Millions face lower pensions next year as central bank gets tough

Millions of people face cut of up to 7% in their corporate pensions next year, as the central bank orders funds to get their finances in order.


In total, 125 funds representing some 40% of all pensioners will have to cut pay-outs because they no longer have enough assets to meet their obligations.
Central bank director Joanne Kellerman told the Financieele Dagblad pensions had never been reduced on such a scale before. ‘We want to give clarity and remove uncertainty about the size of the cuts,’ she said.
Coverage
The central bank has given the funds until the end of this year to get their coverage ratio back up to 105%. If they fail, pensions will need to be reduced.
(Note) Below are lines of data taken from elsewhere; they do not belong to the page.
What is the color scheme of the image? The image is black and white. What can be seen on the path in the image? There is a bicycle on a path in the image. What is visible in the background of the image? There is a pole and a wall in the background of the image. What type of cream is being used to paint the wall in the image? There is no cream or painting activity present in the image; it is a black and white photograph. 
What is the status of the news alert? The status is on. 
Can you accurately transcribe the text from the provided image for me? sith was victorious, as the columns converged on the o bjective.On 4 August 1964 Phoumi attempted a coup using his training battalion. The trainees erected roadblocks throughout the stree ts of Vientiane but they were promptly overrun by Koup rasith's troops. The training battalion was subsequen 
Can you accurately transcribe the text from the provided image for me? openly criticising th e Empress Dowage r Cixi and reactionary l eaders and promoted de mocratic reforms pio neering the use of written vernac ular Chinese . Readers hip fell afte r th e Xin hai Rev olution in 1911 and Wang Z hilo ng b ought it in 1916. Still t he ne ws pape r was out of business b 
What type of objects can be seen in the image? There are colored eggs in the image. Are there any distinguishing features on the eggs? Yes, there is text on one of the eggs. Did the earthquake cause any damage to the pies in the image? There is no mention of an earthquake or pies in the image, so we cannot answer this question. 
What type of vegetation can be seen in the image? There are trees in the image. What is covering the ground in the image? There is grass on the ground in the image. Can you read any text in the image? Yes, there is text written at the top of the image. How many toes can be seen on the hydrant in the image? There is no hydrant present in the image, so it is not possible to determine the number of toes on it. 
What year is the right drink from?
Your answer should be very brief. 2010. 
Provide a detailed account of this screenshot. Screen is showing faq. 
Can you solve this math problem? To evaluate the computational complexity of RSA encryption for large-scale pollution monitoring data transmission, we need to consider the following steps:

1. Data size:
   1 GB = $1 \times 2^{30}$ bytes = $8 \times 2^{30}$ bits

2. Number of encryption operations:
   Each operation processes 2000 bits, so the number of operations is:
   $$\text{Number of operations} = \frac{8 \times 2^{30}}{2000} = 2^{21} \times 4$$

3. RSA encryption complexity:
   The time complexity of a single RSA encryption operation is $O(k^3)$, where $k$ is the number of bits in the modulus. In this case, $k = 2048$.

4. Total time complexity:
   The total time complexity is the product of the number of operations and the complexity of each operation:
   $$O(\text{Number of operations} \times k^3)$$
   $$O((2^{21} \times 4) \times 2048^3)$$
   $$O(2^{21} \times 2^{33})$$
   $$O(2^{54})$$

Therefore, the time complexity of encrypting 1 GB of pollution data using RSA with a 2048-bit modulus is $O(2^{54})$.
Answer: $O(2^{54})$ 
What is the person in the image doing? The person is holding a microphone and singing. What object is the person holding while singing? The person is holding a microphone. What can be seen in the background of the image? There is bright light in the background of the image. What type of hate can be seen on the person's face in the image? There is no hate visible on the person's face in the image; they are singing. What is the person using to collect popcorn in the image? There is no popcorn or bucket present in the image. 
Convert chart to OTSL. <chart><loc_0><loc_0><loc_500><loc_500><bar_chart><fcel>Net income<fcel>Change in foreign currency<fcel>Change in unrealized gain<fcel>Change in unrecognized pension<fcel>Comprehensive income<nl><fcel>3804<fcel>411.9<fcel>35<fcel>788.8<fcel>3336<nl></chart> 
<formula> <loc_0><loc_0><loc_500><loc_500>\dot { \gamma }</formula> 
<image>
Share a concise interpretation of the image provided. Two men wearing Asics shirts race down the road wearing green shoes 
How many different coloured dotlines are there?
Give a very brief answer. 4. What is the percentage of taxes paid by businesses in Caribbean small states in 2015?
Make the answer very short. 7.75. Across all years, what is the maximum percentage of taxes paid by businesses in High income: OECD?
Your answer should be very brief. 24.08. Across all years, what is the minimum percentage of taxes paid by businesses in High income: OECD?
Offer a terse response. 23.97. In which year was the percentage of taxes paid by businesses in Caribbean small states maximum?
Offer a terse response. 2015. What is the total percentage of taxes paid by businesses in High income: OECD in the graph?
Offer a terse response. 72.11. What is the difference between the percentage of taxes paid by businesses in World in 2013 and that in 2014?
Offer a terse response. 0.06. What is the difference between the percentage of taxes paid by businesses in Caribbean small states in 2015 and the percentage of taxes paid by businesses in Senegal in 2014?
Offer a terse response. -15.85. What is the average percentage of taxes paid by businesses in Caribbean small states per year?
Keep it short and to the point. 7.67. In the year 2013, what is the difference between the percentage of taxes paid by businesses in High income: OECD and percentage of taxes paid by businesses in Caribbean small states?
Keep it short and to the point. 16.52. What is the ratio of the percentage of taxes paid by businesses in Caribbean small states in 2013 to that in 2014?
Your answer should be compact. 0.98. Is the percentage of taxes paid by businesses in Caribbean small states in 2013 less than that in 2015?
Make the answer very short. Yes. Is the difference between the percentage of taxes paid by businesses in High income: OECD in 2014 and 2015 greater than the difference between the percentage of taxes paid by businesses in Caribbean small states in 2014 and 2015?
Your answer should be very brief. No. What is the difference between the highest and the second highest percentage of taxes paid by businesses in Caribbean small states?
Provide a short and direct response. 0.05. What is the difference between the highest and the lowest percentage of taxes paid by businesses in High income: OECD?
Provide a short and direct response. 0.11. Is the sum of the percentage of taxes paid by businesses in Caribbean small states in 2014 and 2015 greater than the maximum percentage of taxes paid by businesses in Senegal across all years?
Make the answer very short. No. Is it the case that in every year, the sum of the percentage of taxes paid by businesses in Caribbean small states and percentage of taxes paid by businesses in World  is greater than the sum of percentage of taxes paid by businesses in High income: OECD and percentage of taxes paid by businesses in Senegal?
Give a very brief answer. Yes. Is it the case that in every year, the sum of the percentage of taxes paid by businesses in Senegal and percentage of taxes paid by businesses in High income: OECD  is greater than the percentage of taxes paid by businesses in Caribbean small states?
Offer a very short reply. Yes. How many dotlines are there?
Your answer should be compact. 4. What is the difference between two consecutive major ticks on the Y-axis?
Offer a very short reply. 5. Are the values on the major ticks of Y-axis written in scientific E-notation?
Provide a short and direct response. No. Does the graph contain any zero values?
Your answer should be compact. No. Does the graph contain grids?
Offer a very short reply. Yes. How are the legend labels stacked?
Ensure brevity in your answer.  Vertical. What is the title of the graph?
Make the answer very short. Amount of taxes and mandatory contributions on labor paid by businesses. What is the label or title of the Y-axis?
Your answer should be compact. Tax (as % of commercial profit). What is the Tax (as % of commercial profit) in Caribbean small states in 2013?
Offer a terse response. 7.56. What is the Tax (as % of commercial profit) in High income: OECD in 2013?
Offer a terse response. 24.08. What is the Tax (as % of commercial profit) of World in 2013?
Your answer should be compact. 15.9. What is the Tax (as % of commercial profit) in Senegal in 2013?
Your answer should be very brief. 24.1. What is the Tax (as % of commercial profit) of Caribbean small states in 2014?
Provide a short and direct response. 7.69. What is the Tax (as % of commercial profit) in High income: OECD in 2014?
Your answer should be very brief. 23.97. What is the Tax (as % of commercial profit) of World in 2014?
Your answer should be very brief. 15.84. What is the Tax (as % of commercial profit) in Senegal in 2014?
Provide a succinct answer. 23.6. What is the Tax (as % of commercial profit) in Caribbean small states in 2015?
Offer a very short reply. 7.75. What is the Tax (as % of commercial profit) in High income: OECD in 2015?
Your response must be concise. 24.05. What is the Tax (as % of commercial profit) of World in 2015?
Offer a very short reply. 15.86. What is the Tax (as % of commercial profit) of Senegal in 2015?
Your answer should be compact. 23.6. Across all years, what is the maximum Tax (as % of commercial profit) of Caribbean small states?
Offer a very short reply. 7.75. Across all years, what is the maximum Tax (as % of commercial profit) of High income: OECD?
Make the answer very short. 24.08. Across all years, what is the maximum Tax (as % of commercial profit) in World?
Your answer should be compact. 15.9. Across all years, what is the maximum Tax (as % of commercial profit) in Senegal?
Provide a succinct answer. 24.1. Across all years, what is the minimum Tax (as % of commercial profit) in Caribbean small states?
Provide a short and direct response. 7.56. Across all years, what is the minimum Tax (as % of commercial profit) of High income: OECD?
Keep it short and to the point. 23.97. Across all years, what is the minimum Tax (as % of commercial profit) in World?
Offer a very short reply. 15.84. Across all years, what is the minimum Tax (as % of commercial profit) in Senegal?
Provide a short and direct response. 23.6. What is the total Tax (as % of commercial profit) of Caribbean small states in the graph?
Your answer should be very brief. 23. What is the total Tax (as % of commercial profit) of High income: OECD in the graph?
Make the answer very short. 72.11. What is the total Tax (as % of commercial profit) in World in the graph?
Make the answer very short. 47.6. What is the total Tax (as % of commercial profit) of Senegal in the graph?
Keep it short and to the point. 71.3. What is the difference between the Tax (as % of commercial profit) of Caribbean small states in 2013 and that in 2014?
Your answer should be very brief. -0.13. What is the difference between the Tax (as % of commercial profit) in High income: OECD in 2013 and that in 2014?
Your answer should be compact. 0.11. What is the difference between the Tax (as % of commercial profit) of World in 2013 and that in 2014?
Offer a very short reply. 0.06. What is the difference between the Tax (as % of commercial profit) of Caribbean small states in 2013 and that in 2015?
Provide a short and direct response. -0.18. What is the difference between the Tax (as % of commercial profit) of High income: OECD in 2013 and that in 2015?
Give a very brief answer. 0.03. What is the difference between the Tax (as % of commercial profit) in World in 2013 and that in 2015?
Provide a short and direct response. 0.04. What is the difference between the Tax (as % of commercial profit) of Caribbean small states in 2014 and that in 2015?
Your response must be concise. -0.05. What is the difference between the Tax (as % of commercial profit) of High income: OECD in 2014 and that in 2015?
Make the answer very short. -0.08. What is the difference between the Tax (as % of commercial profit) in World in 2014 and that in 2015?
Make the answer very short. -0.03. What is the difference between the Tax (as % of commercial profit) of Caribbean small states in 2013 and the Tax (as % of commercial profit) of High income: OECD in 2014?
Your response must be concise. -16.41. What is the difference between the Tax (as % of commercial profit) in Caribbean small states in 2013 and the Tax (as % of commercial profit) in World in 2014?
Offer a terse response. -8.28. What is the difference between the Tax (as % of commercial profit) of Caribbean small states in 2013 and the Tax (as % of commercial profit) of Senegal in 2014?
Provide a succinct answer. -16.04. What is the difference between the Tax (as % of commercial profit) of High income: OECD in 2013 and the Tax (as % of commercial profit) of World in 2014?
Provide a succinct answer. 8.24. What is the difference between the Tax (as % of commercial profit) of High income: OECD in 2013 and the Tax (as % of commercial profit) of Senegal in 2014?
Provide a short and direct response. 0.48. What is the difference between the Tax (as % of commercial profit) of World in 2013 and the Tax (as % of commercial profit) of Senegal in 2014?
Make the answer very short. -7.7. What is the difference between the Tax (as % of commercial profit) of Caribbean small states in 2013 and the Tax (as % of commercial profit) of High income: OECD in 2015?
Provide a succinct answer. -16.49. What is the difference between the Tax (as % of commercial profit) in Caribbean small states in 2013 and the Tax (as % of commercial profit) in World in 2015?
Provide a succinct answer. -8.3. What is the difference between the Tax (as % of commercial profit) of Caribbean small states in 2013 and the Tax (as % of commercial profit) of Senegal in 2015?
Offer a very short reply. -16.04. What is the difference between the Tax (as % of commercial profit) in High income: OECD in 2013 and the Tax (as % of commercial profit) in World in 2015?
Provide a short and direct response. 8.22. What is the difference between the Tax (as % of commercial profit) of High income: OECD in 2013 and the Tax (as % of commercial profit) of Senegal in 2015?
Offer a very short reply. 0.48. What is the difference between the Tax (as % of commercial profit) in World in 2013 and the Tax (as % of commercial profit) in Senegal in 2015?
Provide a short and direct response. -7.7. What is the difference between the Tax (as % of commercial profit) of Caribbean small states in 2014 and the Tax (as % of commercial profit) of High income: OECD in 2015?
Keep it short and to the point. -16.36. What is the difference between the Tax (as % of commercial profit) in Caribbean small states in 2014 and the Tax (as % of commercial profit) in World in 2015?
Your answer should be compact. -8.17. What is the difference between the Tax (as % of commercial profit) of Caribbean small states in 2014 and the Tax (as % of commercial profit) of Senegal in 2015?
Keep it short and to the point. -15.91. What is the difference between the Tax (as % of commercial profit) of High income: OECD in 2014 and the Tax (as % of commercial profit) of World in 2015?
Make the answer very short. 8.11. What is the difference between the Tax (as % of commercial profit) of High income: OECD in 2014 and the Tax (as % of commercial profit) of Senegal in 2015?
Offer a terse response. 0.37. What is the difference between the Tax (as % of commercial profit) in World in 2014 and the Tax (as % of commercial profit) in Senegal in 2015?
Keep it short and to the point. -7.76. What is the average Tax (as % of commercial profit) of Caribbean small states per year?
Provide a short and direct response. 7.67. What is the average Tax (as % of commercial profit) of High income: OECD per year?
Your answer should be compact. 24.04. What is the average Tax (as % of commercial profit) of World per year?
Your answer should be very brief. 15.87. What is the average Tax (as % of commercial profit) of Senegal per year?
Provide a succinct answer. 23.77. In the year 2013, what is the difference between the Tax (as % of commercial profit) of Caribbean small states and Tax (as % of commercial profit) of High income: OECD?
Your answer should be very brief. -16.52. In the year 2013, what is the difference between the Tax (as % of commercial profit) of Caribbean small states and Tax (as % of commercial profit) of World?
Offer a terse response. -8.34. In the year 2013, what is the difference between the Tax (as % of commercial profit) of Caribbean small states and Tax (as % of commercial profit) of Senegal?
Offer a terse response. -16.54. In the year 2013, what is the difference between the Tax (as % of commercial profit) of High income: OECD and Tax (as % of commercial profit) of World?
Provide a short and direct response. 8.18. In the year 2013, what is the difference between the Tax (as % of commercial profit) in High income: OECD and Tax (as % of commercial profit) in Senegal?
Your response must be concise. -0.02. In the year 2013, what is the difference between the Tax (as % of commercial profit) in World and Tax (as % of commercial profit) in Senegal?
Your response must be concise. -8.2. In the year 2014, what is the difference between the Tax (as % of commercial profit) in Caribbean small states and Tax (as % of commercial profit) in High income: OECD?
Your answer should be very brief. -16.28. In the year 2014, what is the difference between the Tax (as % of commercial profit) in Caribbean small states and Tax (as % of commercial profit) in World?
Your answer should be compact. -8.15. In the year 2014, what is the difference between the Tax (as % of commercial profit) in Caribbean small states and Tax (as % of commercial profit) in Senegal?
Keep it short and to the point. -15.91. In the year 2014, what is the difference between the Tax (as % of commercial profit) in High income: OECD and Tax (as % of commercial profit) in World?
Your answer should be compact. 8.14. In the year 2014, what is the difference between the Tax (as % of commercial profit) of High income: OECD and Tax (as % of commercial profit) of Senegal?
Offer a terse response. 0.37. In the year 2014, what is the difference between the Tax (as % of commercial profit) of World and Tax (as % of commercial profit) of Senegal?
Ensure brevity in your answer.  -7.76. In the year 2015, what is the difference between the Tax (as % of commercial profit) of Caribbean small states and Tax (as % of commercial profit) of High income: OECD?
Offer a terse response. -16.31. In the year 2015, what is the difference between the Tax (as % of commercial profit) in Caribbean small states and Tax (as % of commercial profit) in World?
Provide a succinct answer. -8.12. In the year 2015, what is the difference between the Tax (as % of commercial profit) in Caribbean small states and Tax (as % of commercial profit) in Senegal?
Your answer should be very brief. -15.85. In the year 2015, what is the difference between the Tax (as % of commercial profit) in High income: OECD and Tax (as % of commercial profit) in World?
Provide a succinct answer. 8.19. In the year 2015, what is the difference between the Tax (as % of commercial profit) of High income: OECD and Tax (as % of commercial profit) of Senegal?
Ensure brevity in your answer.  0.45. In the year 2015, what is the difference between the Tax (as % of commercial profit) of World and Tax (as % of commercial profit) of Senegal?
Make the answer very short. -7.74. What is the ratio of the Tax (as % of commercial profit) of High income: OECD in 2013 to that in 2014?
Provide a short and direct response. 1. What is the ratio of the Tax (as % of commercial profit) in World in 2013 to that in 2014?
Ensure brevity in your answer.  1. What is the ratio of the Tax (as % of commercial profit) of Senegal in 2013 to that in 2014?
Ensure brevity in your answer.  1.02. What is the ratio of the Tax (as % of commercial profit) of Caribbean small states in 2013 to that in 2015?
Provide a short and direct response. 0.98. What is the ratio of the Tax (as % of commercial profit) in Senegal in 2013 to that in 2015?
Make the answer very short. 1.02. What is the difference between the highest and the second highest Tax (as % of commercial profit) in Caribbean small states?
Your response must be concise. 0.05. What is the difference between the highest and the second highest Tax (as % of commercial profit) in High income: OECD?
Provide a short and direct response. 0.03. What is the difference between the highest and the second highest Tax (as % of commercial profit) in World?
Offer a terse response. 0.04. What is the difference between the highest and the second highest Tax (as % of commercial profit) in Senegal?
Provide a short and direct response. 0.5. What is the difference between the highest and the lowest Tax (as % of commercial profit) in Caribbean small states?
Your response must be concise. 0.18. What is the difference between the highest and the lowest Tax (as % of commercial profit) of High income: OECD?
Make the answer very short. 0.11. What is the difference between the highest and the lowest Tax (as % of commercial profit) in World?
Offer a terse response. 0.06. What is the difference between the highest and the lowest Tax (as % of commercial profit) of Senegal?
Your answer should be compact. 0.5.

However, the central bank has taken the ‘highly unusual’ step of altering the way it calculates how much money pension funds should have in their reserves, the Volkskrant reported on Friday.
The bank has opted to use a three-month average rather than the year-end interest rate to make the calculations. This is because interest rates have been extremely low for a long period. The lower the interest rate, the higher pension fund reserves need to be.
Maximum cut
In addition, the bank has opted to limit the maximum reduction to 7%. On average, pensions will be cut by 2.5%.
‘The extraordinary situation on the financial markets makes this decision necessary,’ the central bank said in a statement. ‘The aim of both measures is to reduce the uncertainty over pensions’.
The changes in calculations means that 125 funds rather than 180 will be forced to make cuts next year, unless the financial markets improve.